Relationships: Jigen Daisuke/Arsène Lupin III
Comments: 13
Kudos: 75





	There's A Dead Body At The End Of This Book

**Author's Note:**

> un-beta'd

Jigen Daisuke did not remember much of his mother. The ages zero to five a blank slate until the faint images of a blue dress with pink flowers appears in his prereferral vision. He remembers his sixth birthday with a cake that sat small and lopsided in front of him but brimming with a large candle that didn’t match how many years passed for him. On his sixth birthday the candle read seven.

A low voice whispered into his ear, “Let’s pretend you’re a big boy now.”

He wouldn’t notice the dirt that clung to his fingers as he lifted his hands from the table to take his plastic fork and destroy the dessert that might’ve looked like him a little bit. He’d remember the rough cotton fabric that scratched against his cheeks when he was finished. The record playing a trumpet as hands too big for his own took his stubby fingers and lifted and spun him around the yellow tiled floor. In that first memory, her face is blurred from the kitchen lights above until they fizzle out, and the music stops. On his sixth birthday, he spent the night in his mothers’ bed, clinging to her warmth, while the cold winter air ate at walls with no insulation.

His memories didn’t blur from here, but they didn’t grow more vivid either. Repression and time did things to a person’s mind. Public school was a nasty place with nastier people. The children would range in quality, and the influence of adults would pull the ones that questioned his appearance to the nasty side very quickly. He did not cry. To cry there would be to give the public something to use against him. His tears were saved after getting off the bus for the long trek home past houses with fresh paint to a complex whose bricks were lopsided in all the wrong ways. He and his mother would come home at the same time. Rough cotton wiped away the tear tracks. Tacky lips would kiss his forehead. A hydrox cookie would be slipped into his hand when he was ready to come inside. The kids at school ate oreos. His mother hated the taste. She said the cream was too sweet, and having never tried them, he couldn’t find room to argue. He was no longer a messy eater, but the rough cotton came to his fingers afterwards to scratch into the gaps and bends until his palm was crumb free.
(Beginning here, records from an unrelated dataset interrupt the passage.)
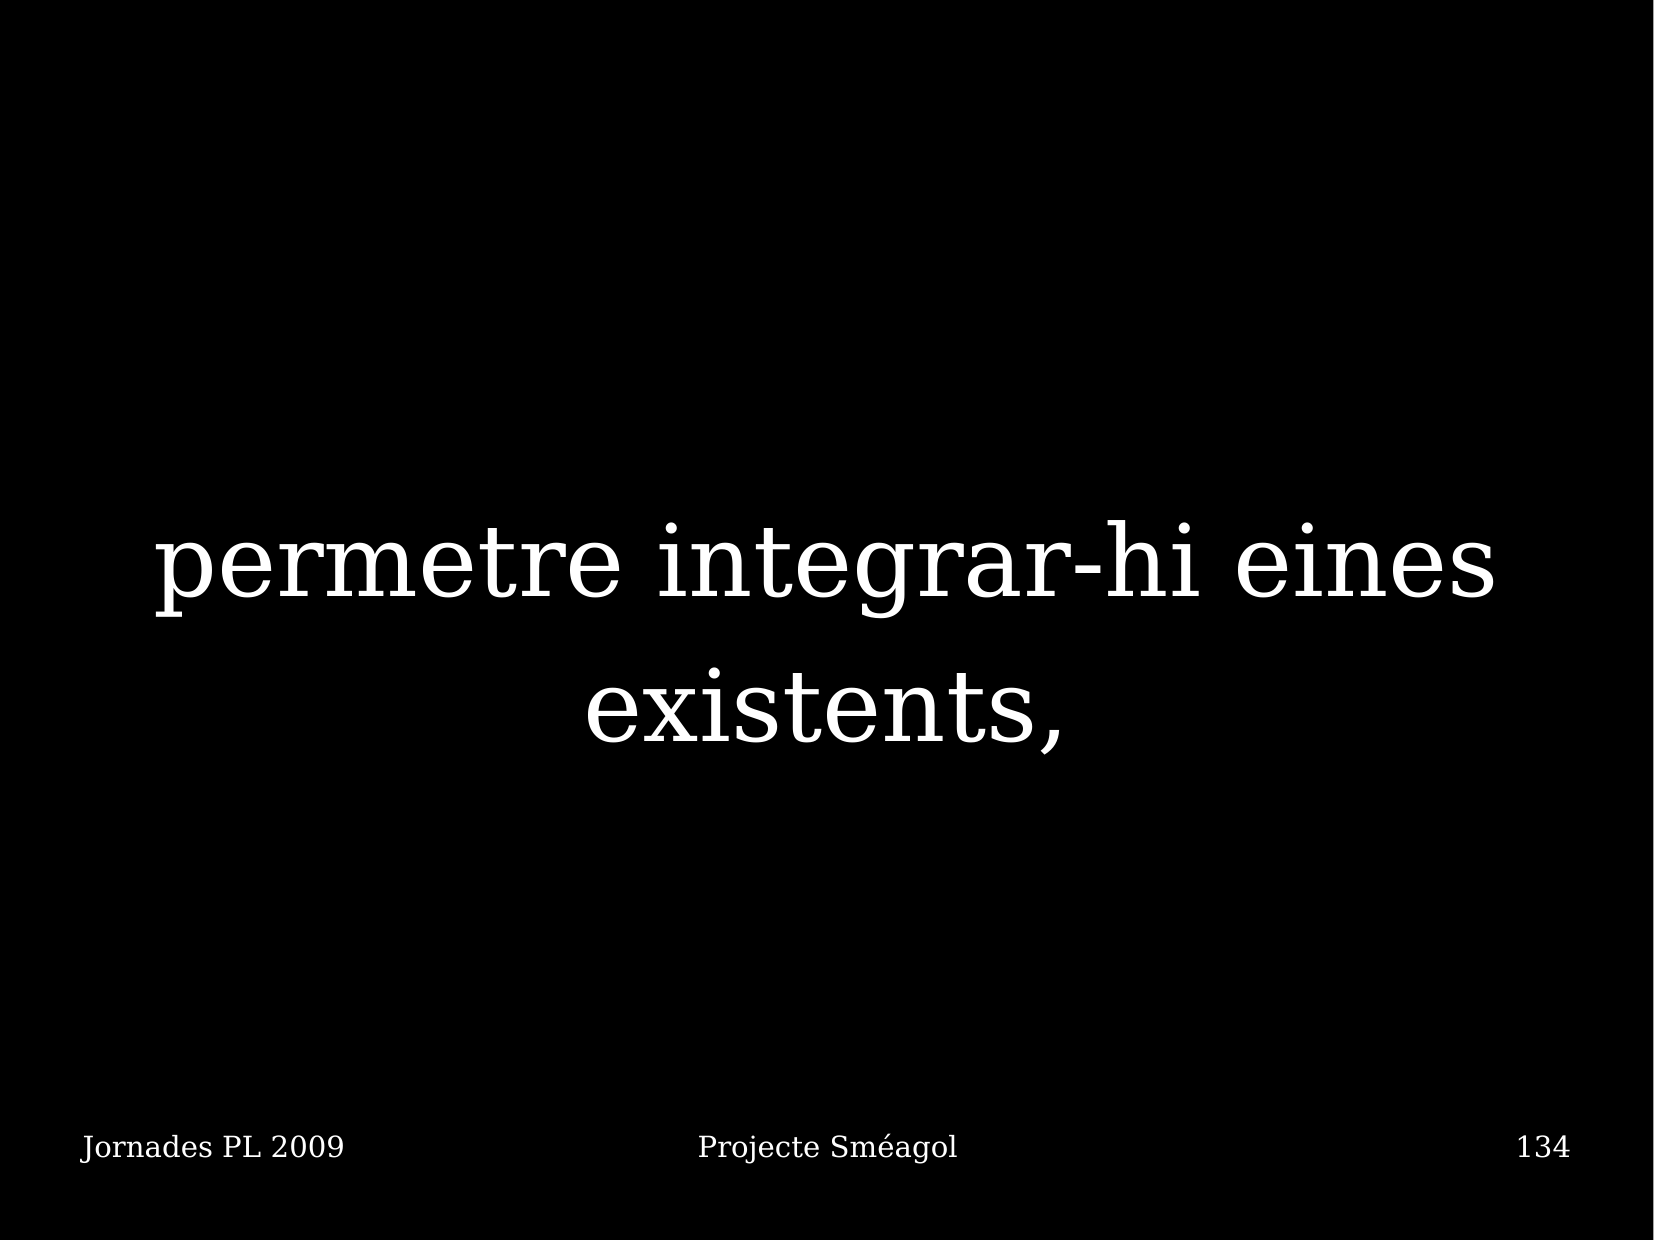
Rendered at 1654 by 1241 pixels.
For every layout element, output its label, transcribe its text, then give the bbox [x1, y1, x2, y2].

title permetre integrar-hi eines existents, [82, 116, 1571, 1124]
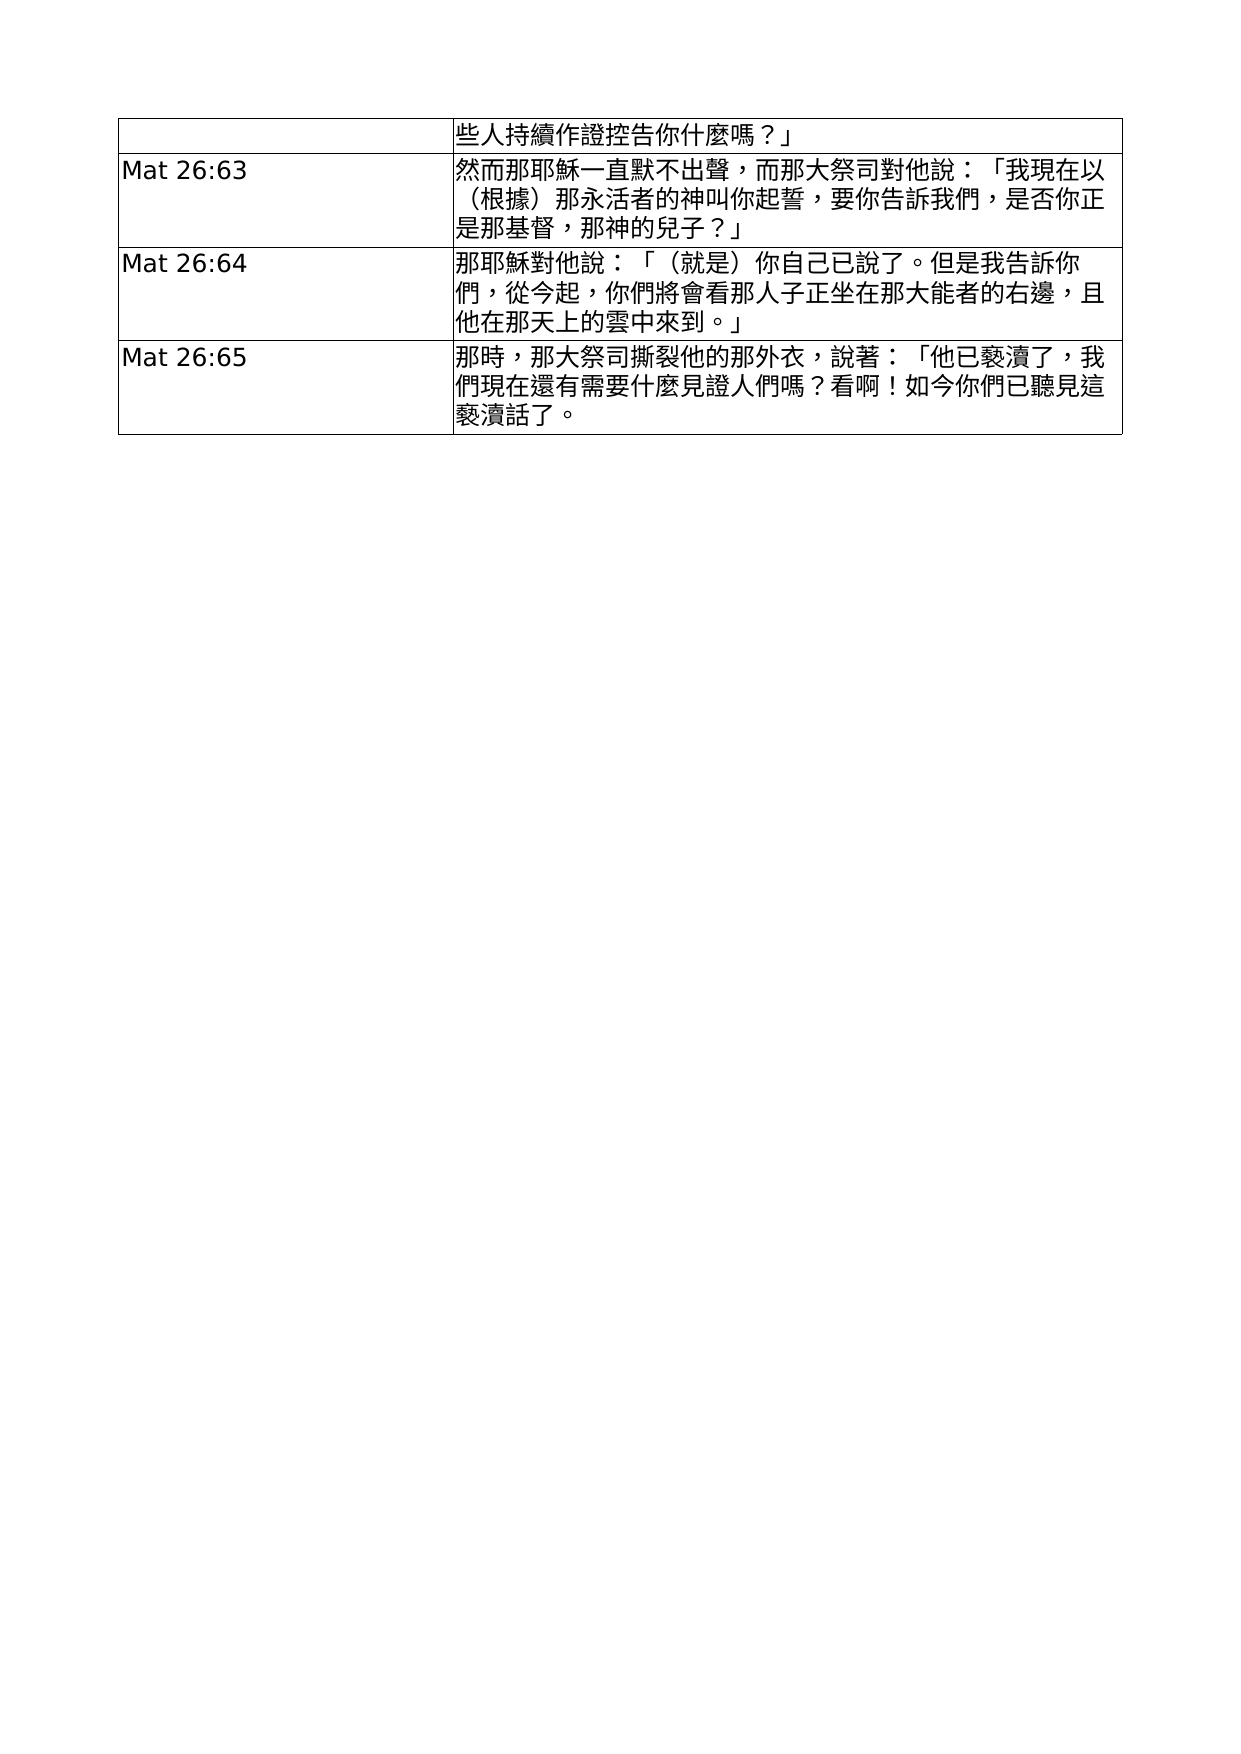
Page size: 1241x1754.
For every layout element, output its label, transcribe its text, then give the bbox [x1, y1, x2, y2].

table_cell 那耶穌對他說：「（就是）你自己已說了。但是我告訴你們，從今起，你們將會看那人子正坐在那大能者的右邊，且他在那天上的雲中來到。」 [454, 248, 1122, 340]
table_cell Mat 26:63 [119, 154, 453, 247]
table_cell 那時，那大祭司撕裂他的那外衣，說著：「他已褻瀆了，我們現在還有需要什麼見證人們嗎？看啊！如今你們已聽見這褻瀆話了。 [454, 341, 1122, 433]
table_cell [119, 119, 453, 153]
table_cell Mat 26:64 [119, 248, 453, 340]
table_cell 些人持續作證控告你什麼嗎？」 [454, 119, 1122, 153]
table_cell Mat 26:65 [119, 341, 453, 433]
table_cell 然而那耶穌一直默不出聲，而那大祭司對他說：「我現在以（根據）那永活者的神叫你起誓，要你告訴我們，是否你正是那基督，那神的兒子？」 [454, 154, 1122, 247]

One day, he didn’t know if his mother had grown tired of his tears or the place that caused them, but it was dark when she ushered him into the beat up Sudan packed with what belongings could fit and started to drive. He imagined a man running alongside the car after the sun went down. A silhouetted figure with legs long enough to go as fast as fifty or so miles per hour. He’d napped between buildings turning to tree line and back again. He only jarred awake when the road went from concrete to dirt and the incline sharpened. When the car stopped, they were in front of a house. Poor weather chipped the paint away on the wood paneling. The narrow columns that held up the canvas made to shield the porch from sunlight was lopsided. Whether it was the first house they lived in or the first house she found he didn’t know. She parked the car under the shield of a tree with a wide trunk and long branches that dipped and grazed the top of the roof with its tips.

He stopped going to public school.

The sad looking building was his grandmother’s house. His mother never mentioned his grandfather. His mother never mentioned his father. The men in her life, if there were any, did not want to meet him for reasons he could only assume as he grew older. Magazines he found in the office told him his mother was not beautiful but rather plain. He shared her nose, her cheekbones, and her wild hair, but the rest came from a man he’d never meet. Books in the library described his mother’s features as mature and witchy, elegant and gaunt, handsome and wretched, a stream of contradictions until he decided for himself what mattered. She had strong legs from moving bookshelves and tables around the house. Her hands were so skilled they kept any type of hair appearing well kept until the hair tie was removed. Her arms were long enough for good hugs. She had a kind smile. These were what mattered. He wanted to think his mother looked best when she was smiling. That’s what the magazines told him about women, but the smiles of the blonde women on the covers looked nothing like hers. For his mother, it didn’t matter when, or at what, or with who, but the corners of her lips turning up and the line of her shoulders dropping was always a sign that something good had happened. Which, in itself, was something beautiful.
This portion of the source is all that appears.